C’était presque les premières paroles que Brent prononçait depuis l’enlèvement. Brent était lent et lourd. N’empêche qu’il avait été le seul à deviner ce qui se passait ce matin. C’était lui qui s’était détaché des autres et s’était tapi dans le noir. Brent était de taille adulte : quand il était tombé sur l’ennemi en chevauchant ce mortel présentoir, il aurait pu s’estropier. Lorsque les autres l’avaient traîné dehors par l’entrée de service du Musée, Brent était inerte et muet. Il n’avait rien dit pendant tout le trajet, s’était contenté de répondre d’un signe de la main lorsque Djirlib et Gokna lui avait demandé s’il n’avait rien de cassé.

En fait, il semblait qu’il se soit fracturé un antérieur et blessé au moins un autre, mais il ne voulut pas leur laisser voir les dégâts. Viki le comprenait. Brent aurait tout autant honte que Djirlib – et se sentirait encore plus inutile. Il s’était recroquevillé, morose, puis – après leur première heure de captivité – il avait commencé à faire les cent pas en claudiquant. Il tapotait les parois, trépignait sur le sol métallique, et, souvent, se laissait choir à plat ventre, comme s’il faisait le mort – ou qu’il était complètement désespéré. C’est dans cette posture qu’il se trouvait maintenant.

— Vous ne les entendez pas ? insista-t-il. Écoutez avec le ventre.

Il y avait des années que Viki n’avait pas joué à ça. Mais elle et les autres imitèrent Brent et s’aplatirent sur le sol sans s’appuyer sur aucun membre. Ce n’était pas très confortable, et on ne pouvait pas s’accrocher à quoi que ce soit. Alequere quitta d’un bond les bras de Viki. Birbop rejoignit sa sœur. Ils allèrent d’un enfant à l’autre et les chatouillèrent. Au bout d’un moment, ils se mirent tous les deux à glousser.

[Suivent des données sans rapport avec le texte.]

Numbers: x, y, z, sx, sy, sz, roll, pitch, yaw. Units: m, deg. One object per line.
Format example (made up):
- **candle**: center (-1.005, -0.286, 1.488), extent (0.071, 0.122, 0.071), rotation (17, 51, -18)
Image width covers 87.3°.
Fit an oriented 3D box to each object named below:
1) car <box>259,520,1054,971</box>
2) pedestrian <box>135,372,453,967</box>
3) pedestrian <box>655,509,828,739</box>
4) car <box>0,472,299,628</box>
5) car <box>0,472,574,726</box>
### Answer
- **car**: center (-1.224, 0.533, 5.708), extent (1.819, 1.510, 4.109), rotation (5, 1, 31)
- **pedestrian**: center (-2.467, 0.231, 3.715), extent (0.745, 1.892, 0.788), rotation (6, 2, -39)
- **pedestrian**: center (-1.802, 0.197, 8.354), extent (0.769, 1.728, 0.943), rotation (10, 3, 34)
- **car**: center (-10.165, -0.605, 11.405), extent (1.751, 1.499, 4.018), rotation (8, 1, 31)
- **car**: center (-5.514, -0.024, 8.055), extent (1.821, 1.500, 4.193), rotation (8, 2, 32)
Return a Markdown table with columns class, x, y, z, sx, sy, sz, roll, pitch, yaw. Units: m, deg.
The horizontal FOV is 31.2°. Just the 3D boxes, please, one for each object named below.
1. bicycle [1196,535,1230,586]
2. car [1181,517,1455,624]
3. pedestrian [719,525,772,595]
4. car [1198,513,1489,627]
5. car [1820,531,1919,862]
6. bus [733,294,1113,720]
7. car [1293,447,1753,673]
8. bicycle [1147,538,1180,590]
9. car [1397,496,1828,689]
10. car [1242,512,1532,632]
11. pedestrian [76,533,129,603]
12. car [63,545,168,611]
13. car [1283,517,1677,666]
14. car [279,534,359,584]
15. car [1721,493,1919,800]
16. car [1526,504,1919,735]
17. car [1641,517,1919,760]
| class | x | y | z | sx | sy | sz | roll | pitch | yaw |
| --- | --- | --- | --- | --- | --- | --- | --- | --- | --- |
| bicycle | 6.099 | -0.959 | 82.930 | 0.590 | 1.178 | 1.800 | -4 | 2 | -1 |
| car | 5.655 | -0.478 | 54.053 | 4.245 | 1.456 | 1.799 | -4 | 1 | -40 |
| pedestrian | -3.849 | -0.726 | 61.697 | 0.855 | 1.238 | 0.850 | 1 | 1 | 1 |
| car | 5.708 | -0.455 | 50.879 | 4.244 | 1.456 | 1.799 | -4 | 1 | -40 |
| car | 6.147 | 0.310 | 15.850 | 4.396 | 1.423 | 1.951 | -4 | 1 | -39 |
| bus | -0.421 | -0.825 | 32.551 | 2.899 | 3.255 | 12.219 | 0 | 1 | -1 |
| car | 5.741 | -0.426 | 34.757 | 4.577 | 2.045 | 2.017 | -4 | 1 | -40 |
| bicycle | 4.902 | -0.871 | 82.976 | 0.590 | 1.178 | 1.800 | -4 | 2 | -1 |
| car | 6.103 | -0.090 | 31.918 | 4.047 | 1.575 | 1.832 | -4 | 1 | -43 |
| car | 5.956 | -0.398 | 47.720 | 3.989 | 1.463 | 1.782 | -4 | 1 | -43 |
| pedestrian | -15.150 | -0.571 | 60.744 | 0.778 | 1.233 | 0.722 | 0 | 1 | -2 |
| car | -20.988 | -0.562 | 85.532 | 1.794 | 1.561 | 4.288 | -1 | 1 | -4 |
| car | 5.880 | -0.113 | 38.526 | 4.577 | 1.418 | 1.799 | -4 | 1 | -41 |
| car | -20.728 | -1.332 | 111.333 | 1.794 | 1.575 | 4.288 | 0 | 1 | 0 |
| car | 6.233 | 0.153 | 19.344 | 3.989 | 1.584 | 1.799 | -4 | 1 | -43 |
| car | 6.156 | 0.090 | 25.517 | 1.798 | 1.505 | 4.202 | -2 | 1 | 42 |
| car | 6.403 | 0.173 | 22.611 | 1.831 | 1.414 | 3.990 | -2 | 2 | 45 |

— Chut ! dit tout bas Viki.

Et ils gloussèrent de plus belle. Combien de fois Viki avait-elle prié pour que ces deux-là retrouvent le moral ? Et maintenant, elle voulait précisément qu’ils se taisent un peu. Elle les évacua de son esprit et se concentra. Hum. Ce n’était pas exactement du son, pas pour les oreilles de la tête, en tout cas. Mais elle le percevait partout sur son ventre. Il y avait un bourdonnement continu en arrière-plan… et d’autres vibrations, plus irrégulières. Ah ! C’était le fantôme de la vie trépidante qu’on percevait au bout de ses pieds quand on se promenait dans le Centre-Ville ! Et puis : le grincement à nul autre pareil de freins de camion brusquement sollicités.

Djirlib riait sous cape.

— Avec ça, la cause est entendue ! Ils se croyaient malins avec ce container hermétique. Mais maintenant, nous savons.

Viki quitta sa position inconfortable et consulta Gokna du regard. Djirlib était plus intelligent, mais, en matière de sournoiserie, il n’était jamais arrivé à la cheville de ses sœurs. Gokna répondit aimablement, d’abord pour être polie, ensuite parce que le ton approprié aurait fait fuir les bébés.

— Djirl, je ne crois pas qu’ils essayaient de nous cacher des trucs.

Djirlib releva la tête en arrière – c’était presque le geste qui signifiait chez lui « ton frangin en sait plus » – puis il comprit le message.

— Gokna, ils auraient pu nous amener ici en cinq minutes. Au lieu de quoi, on a passé plus d’une heure à rouler. Qu’est-ce que…

— Je crois, dit Viki, qu’ils ont peut-être essayé d’échapper aux services de sécurité de maman. Ces faucheux avaient plusieurs véhicules à leur disposition ; ils nous ont transférés deux fois, si tu te rappelles bien. Peut-être qu’en réalité ils essayaient de sortir de la ville, et qu’ils ont compris qu’ils n’y arriveraient pas.

Viki désigna d’un geste leur prison.

— S’ils ne sont pas trop bêtes, ils savent qu’on en a vu un peu trop.

Elle essaya de conserver un ton décontracté. Birbop et Alequere s’étaient propulsés jusqu’à Brent, toujours aplati, et lui faisaient les poches.

— On pourrait les identifier, Djirlib. On a aussi vu le chauffeur, et la femme à côté de la rampe de chargement du musée.